Stored records:
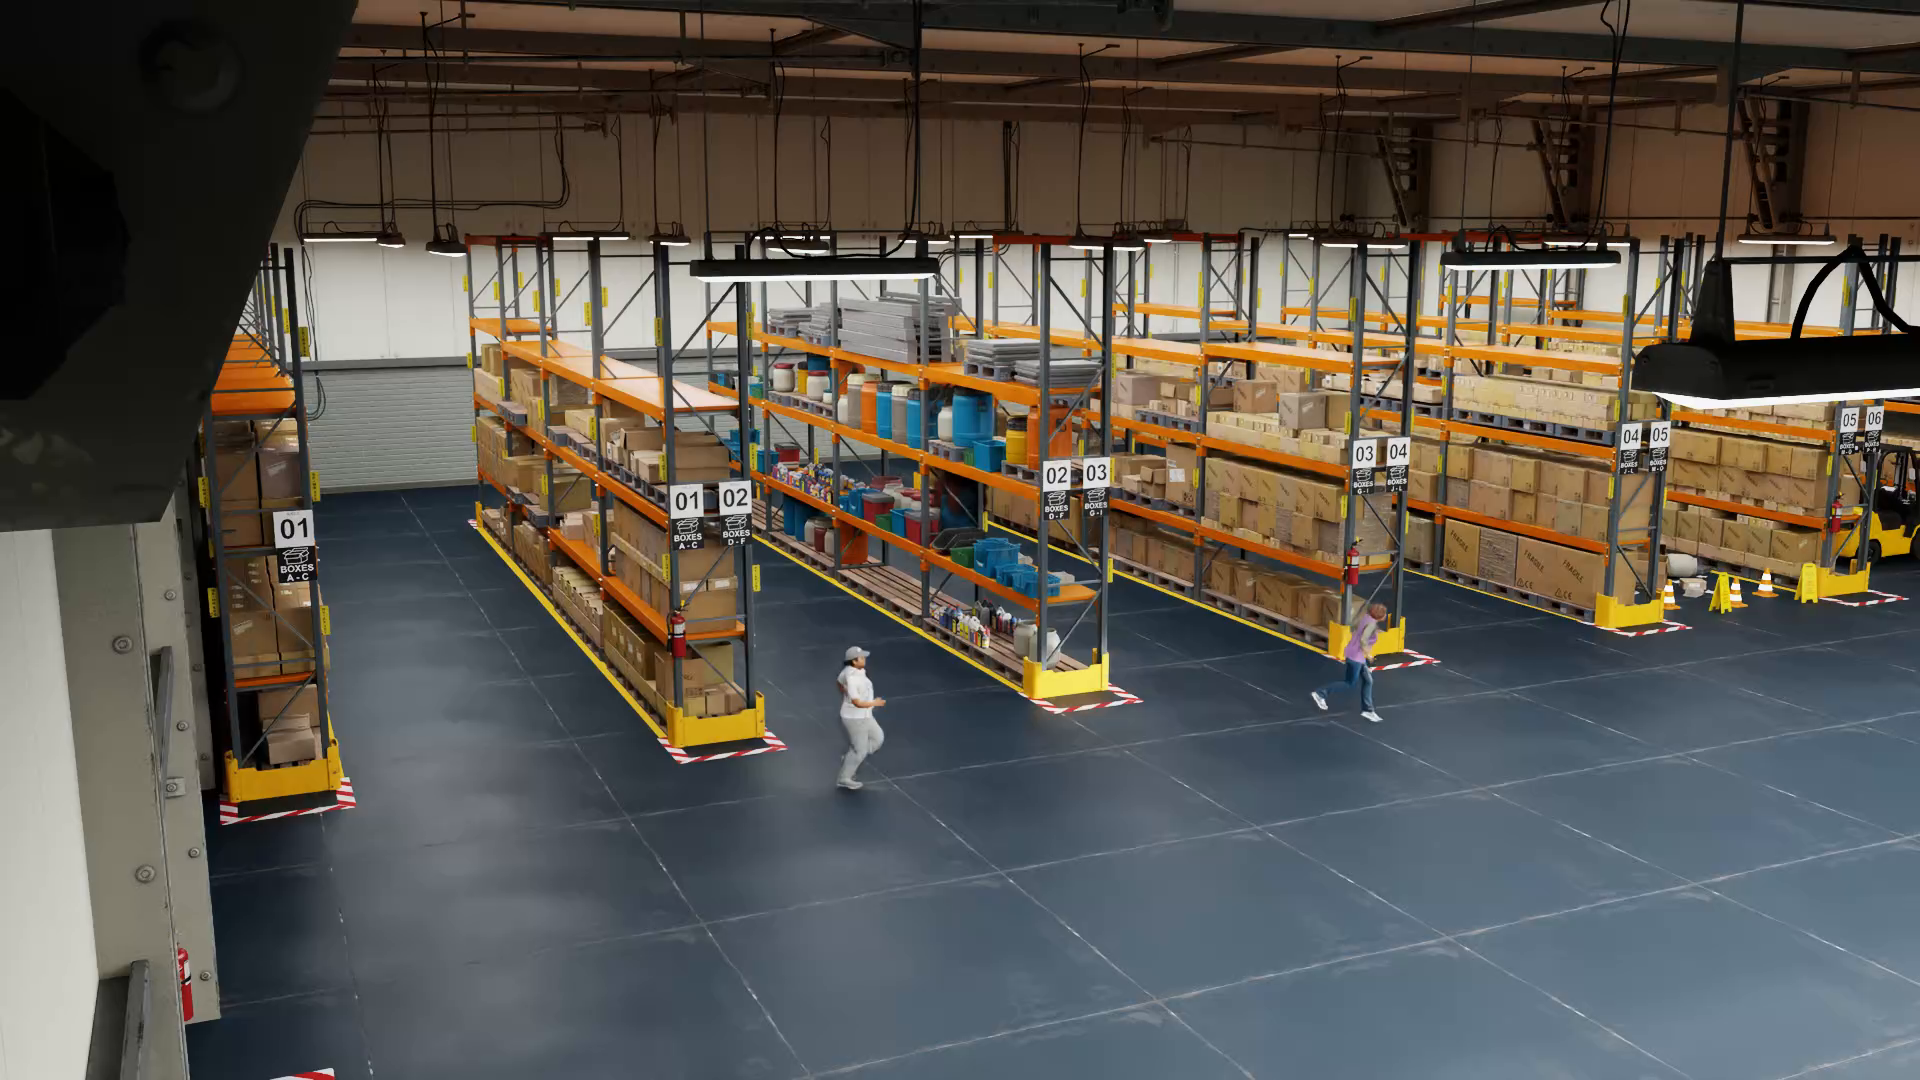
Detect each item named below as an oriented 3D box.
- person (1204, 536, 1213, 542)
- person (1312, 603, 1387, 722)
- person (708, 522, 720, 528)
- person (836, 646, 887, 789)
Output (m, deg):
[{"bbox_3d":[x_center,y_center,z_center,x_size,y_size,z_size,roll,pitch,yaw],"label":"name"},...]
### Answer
[{"bbox_3d":[4.957,-0.803,33.048,0.658,1.663,0.766,-5,12,-26],"label":"person"},{"bbox_3d":[4.955,1.556,21.197,0.899,1.549,0.560,0,11,0],"label":"person"},{"bbox_3d":[-4.585,-0.208,29.660,0.669,1.733,0.760,-7,13,-31],"label":"person"},{"bbox_3d":[-1.110,1.978,18.634,0.577,1.629,0.592,0,11,-2],"label":"person"}]
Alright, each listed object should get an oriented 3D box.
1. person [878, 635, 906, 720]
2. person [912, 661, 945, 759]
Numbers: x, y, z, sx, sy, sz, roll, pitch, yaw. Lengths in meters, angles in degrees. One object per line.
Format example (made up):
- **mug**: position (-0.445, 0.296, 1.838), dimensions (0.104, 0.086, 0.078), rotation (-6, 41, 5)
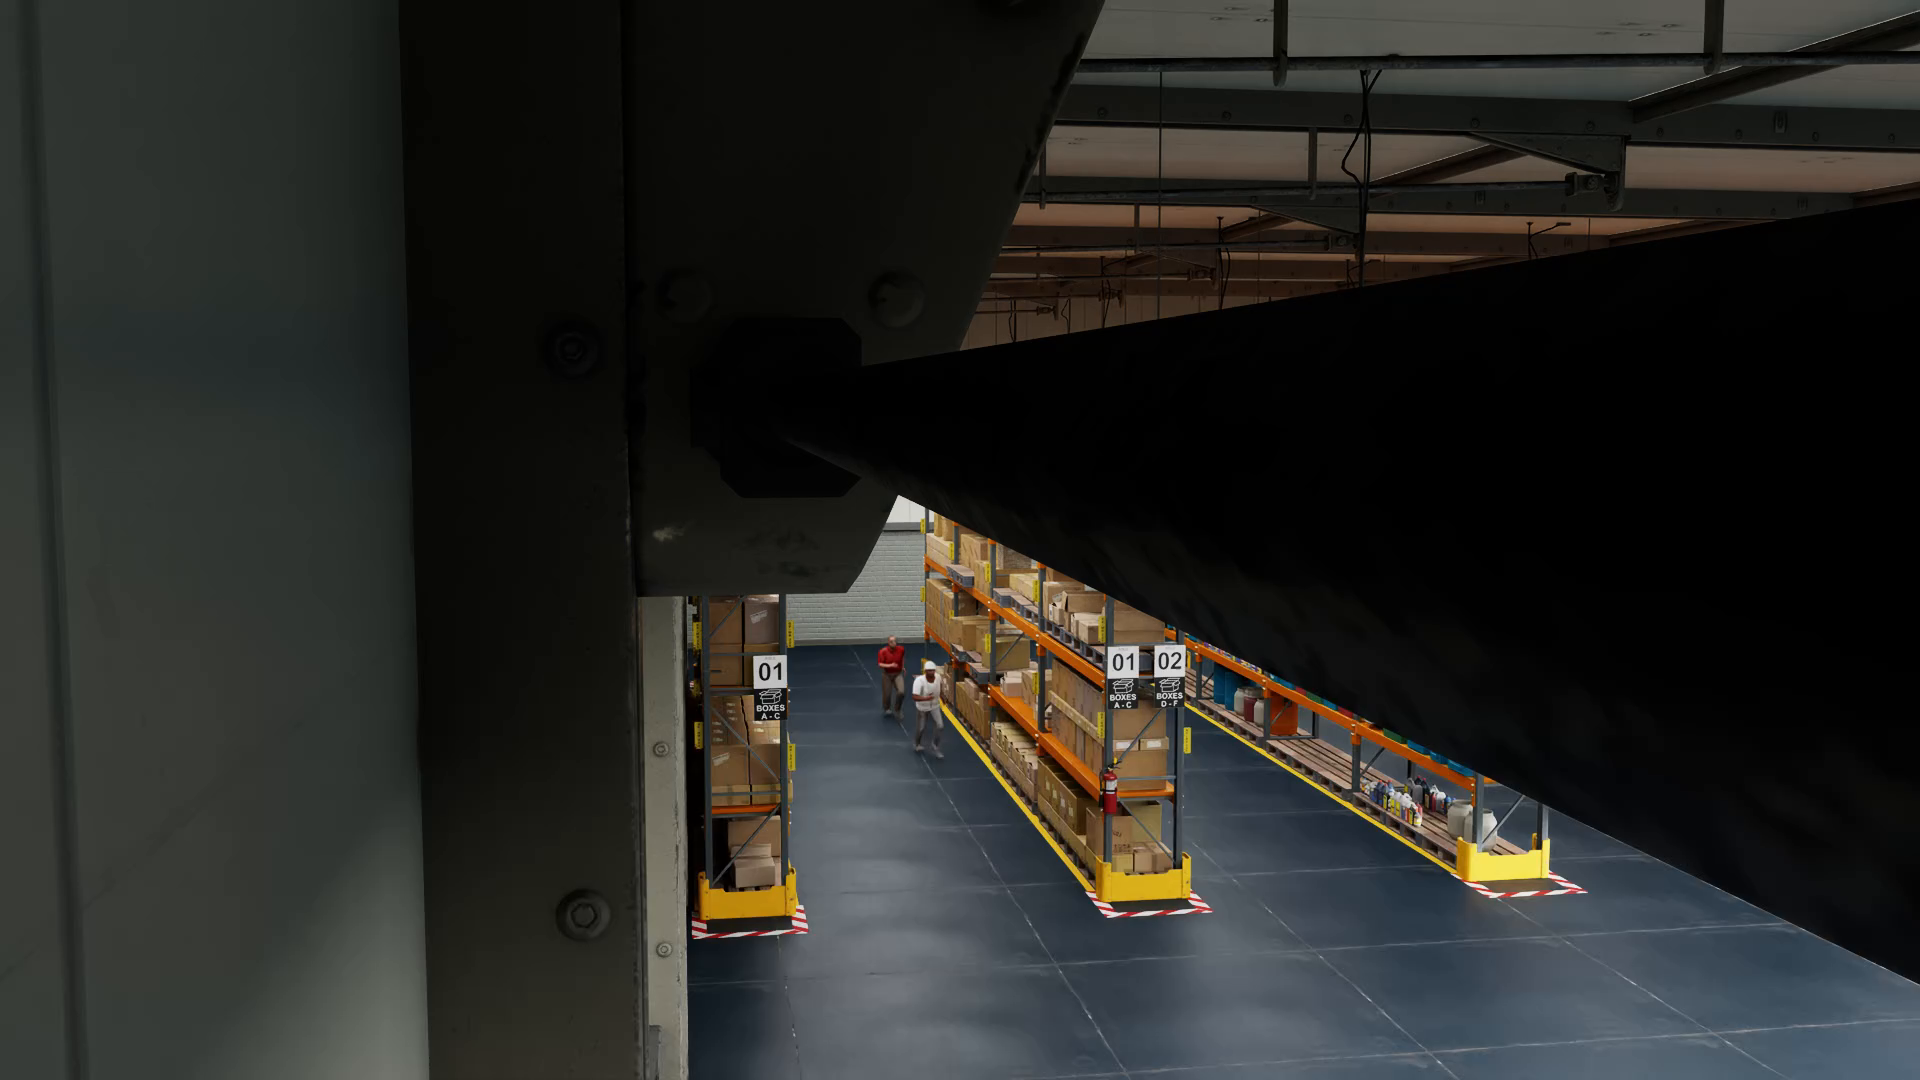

**About this exercise**.
Only the lines from the one containing "Format example (made" through the last line of the entries above should be copied, exactly as they are and without the pictures.

**Exercise result**.
Format example (made up):
- **mug**: position (-0.445, 0.296, 1.838), dimensions (0.104, 0.086, 0.078), rotation (-6, 41, 5)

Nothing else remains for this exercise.